[AVAILABLE DATA]
□ □ □
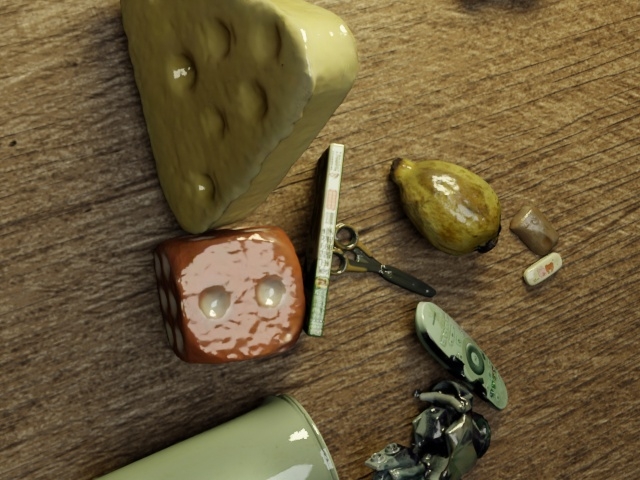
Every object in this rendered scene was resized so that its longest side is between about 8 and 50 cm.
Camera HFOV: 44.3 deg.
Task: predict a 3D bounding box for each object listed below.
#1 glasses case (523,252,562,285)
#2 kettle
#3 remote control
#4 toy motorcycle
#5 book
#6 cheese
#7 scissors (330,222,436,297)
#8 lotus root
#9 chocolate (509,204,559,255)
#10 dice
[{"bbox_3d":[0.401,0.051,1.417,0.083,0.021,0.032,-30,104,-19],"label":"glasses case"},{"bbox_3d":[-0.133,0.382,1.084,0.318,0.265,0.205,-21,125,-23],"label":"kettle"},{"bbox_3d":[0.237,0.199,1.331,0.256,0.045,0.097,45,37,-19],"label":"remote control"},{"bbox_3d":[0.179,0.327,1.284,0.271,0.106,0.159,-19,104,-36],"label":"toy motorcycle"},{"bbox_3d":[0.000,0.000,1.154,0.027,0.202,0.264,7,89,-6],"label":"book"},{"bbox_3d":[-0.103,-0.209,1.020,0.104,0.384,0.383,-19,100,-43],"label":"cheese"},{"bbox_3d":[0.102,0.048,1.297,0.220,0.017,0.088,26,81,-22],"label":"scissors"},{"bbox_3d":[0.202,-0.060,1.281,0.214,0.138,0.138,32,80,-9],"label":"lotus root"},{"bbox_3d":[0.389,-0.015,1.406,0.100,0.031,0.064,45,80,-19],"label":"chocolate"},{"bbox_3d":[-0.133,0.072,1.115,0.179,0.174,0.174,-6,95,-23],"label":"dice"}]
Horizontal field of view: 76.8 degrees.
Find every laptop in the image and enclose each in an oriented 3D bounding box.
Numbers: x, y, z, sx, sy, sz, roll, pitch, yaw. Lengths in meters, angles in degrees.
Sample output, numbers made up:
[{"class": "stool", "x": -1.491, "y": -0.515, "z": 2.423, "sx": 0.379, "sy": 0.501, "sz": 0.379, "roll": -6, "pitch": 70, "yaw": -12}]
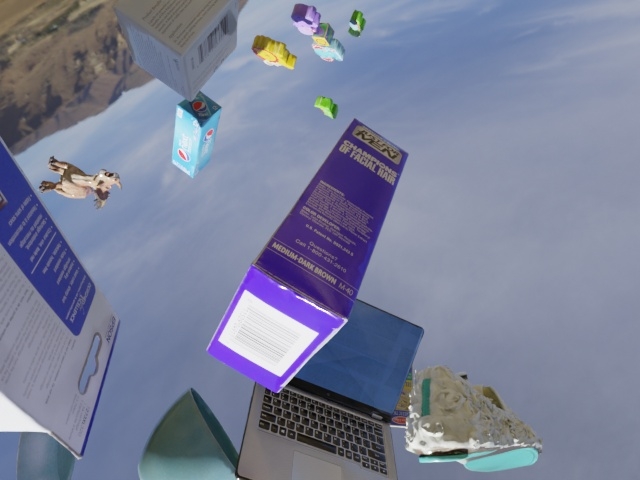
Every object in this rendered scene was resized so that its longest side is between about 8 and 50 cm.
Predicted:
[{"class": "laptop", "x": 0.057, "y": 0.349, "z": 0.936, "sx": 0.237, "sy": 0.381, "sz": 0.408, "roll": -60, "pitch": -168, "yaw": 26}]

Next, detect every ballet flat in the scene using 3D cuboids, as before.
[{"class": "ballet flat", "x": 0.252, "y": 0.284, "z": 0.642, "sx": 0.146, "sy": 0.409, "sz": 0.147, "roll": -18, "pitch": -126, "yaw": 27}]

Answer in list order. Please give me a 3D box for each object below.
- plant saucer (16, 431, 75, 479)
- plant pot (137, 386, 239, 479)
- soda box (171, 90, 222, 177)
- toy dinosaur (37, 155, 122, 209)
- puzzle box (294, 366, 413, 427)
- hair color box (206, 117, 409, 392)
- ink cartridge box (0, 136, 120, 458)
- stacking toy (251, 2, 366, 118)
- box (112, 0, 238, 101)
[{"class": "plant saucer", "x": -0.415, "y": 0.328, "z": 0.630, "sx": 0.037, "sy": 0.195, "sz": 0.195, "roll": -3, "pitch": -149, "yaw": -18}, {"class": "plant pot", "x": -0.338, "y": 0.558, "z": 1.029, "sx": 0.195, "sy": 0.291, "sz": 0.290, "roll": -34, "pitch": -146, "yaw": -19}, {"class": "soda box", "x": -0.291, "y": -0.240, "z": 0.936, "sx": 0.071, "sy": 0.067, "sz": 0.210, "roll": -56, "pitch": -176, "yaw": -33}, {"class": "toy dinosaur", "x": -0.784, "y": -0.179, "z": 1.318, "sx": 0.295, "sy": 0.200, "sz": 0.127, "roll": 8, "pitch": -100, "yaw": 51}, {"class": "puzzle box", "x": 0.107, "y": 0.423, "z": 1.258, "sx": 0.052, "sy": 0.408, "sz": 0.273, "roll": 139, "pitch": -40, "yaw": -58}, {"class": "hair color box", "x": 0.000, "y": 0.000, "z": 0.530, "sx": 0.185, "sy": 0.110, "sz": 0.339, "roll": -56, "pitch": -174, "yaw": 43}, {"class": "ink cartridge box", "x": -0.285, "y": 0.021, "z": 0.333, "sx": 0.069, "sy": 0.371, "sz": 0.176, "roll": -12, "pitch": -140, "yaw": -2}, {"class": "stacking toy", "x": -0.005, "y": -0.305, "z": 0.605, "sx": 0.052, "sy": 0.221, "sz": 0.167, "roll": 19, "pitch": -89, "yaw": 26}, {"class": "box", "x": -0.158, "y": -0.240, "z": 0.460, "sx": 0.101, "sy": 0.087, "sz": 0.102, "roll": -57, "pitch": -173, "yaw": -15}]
□ □ □
[EXERCISE REQUIREMENTS] Beginning at the line that holds "- soda box (171, 90, 222, 177)", write out word for word each line through the end of the records.

[RESPONSE BOX]
- soda box (171, 90, 222, 177)
- toy dinosaur (37, 155, 122, 209)
- puzzle box (294, 366, 413, 427)
- hair color box (206, 117, 409, 392)
- ink cartridge box (0, 136, 120, 458)
- stacking toy (251, 2, 366, 118)
- box (112, 0, 238, 101)
[{"class": "plant saucer", "x": -0.415, "y": 0.328, "z": 0.630, "sx": 0.037, "sy": 0.195, "sz": 0.195, "roll": -3, "pitch": -149, "yaw": -18}, {"class": "plant pot", "x": -0.338, "y": 0.558, "z": 1.029, "sx": 0.195, "sy": 0.291, "sz": 0.290, "roll": -34, "pitch": -146, "yaw": -19}, {"class": "soda box", "x": -0.291, "y": -0.240, "z": 0.936, "sx": 0.071, "sy": 0.067, "sz": 0.210, "roll": -56, "pitch": -176, "yaw": -33}, {"class": "toy dinosaur", "x": -0.784, "y": -0.179, "z": 1.318, "sx": 0.295, "sy": 0.200, "sz": 0.127, "roll": 8, "pitch": -100, "yaw": 51}, {"class": "puzzle box", "x": 0.107, "y": 0.423, "z": 1.258, "sx": 0.052, "sy": 0.408, "sz": 0.273, "roll": 139, "pitch": -40, "yaw": -58}, {"class": "hair color box", "x": 0.000, "y": 0.000, "z": 0.530, "sx": 0.185, "sy": 0.110, "sz": 0.339, "roll": -56, "pitch": -174, "yaw": 43}, {"class": "ink cartridge box", "x": -0.285, "y": 0.021, "z": 0.333, "sx": 0.069, "sy": 0.371, "sz": 0.176, "roll": -12, "pitch": -140, "yaw": -2}, {"class": "stacking toy", "x": -0.005, "y": -0.305, "z": 0.605, "sx": 0.052, "sy": 0.221, "sz": 0.167, "roll": 19, "pitch": -89, "yaw": 26}, {"class": "box", "x": -0.158, "y": -0.240, "z": 0.460, "sx": 0.101, "sy": 0.087, "sz": 0.102, "roll": -57, "pitch": -173, "yaw": -15}]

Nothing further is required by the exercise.